Wow I could have a Masters with this! I used to carry so much baggage and bitterness about ‘what I could/should have done’ that it became all consuming and really was all I focused on. I can’t remember what the tipping point for change was but I figured if I put that amount of energy in to understanding ‘OK this is what i should do differently next time’ and moving on I could deliver much more and feel much better at the end of everyday.
We have been working through a process with someone locally (who has a national influence) that also is a friend of ours.
Whether one thinks they need it or not, it has been one of the most freeing experiences of my life (initially triggered by some responses I was exhibiting).

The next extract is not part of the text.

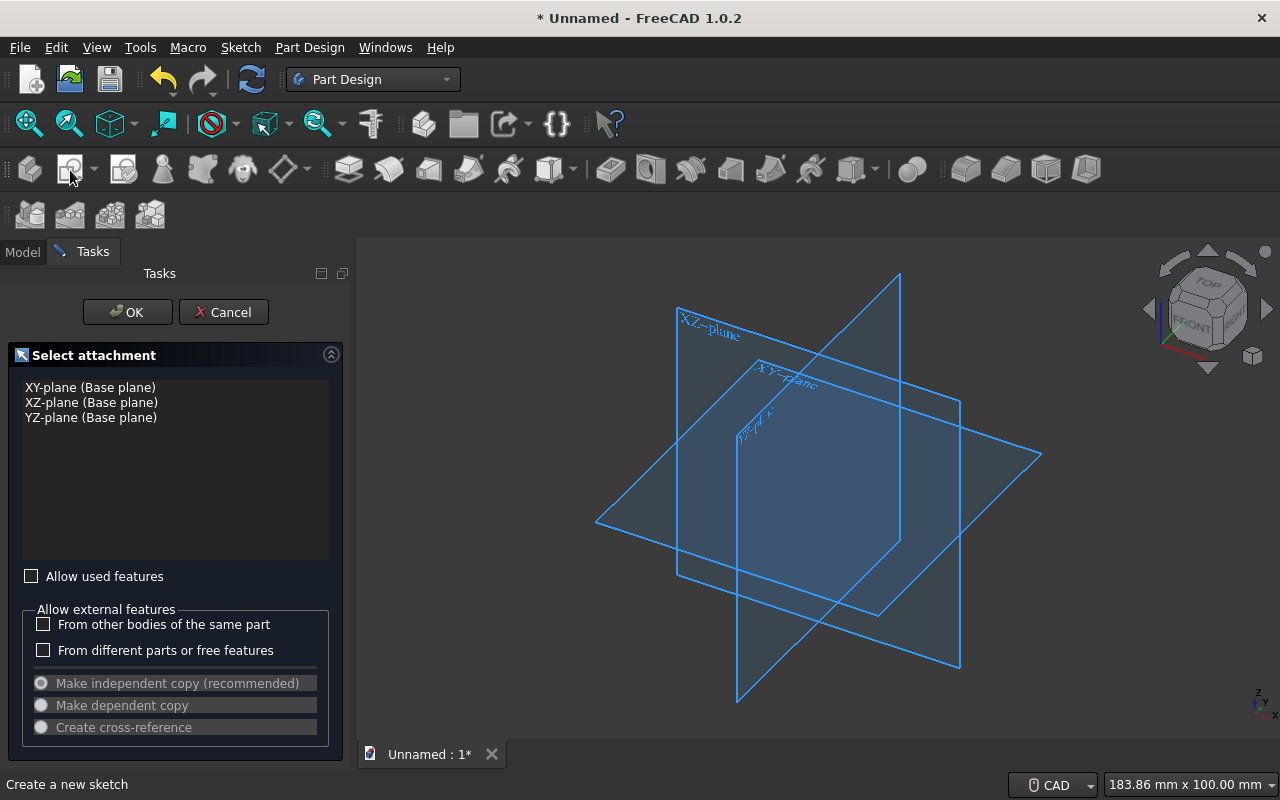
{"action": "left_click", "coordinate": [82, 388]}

As you indicated at the outset, life carries with it much pain…we live in a painful world at times.
Check out
https://www.restoringrelationships.org/
if you are looking for a resource you might want to check it out. Thanks for posting this podcast.
Why would you do it? It is ALL connected!

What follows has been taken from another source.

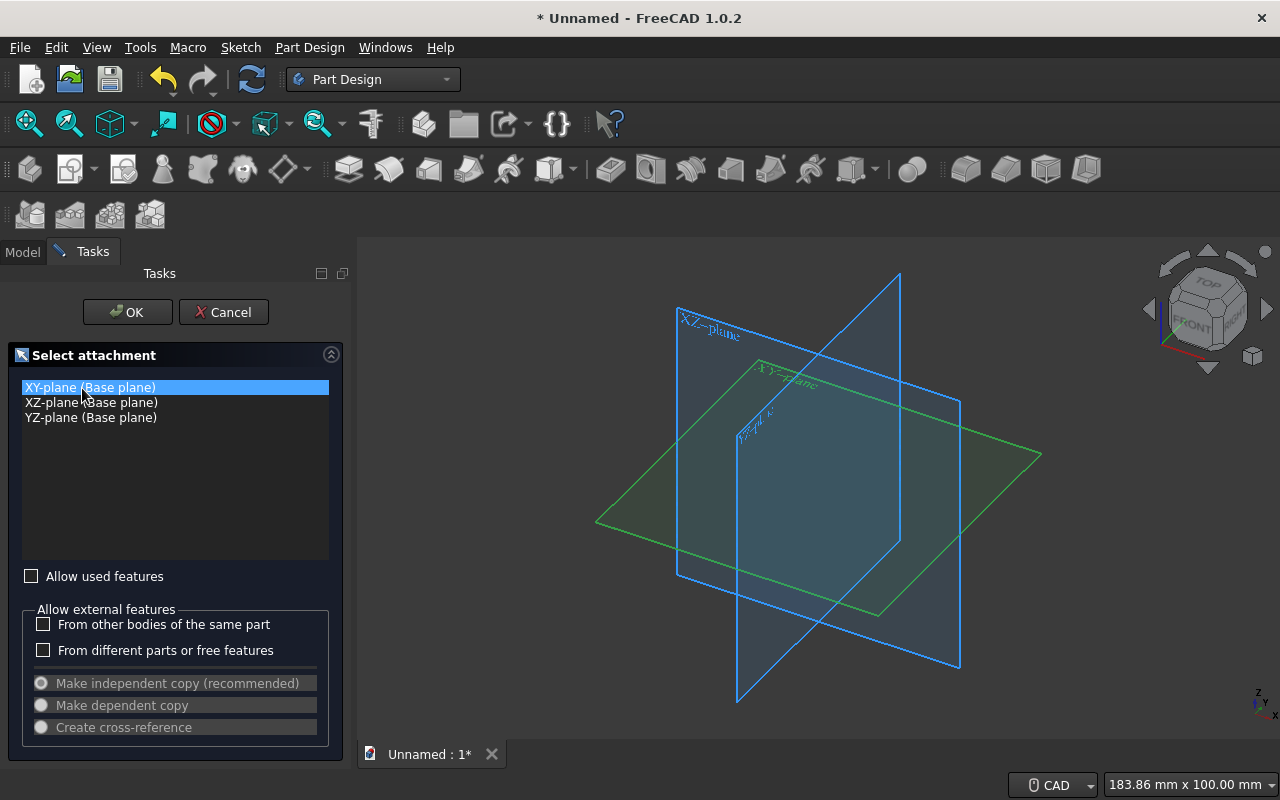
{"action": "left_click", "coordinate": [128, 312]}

I wrote a letter to my dad forgiving him (he died in 2005). Literal weight off my shoulders. Wrote about it here as you know Chris 🙂
https://www.facebook.com/MATTMCWILLIAMSCONSULTING/posts/2001176813287575
Timely podcast for me, and wonderful advice. Thank you. A couple years ago a very ambitious but not very honest entrepreneur steamrolled right over me by copying my work and winning a big prize. It hurt me to the point that I almost gave up. I didn’t give up, and instead threw myself into my work with renewed vigor. But it’s been really hard to watch this person earn fame and fortune through dishonest means while my hard work and honesty doesn’t seem to get me very far. I know the bitterness I feel isn’t doing me any favors. I’ve been praying about it. If anyone else sees this and would like to pitch in some prayers, I’d appreciate it 🙂
great post and reminder for those in leadership to consider the impact of our decisions on others not only with the bigger matters such as a layoff, but even in the smaller day to decisions that we may not always see how our actions and words affects others.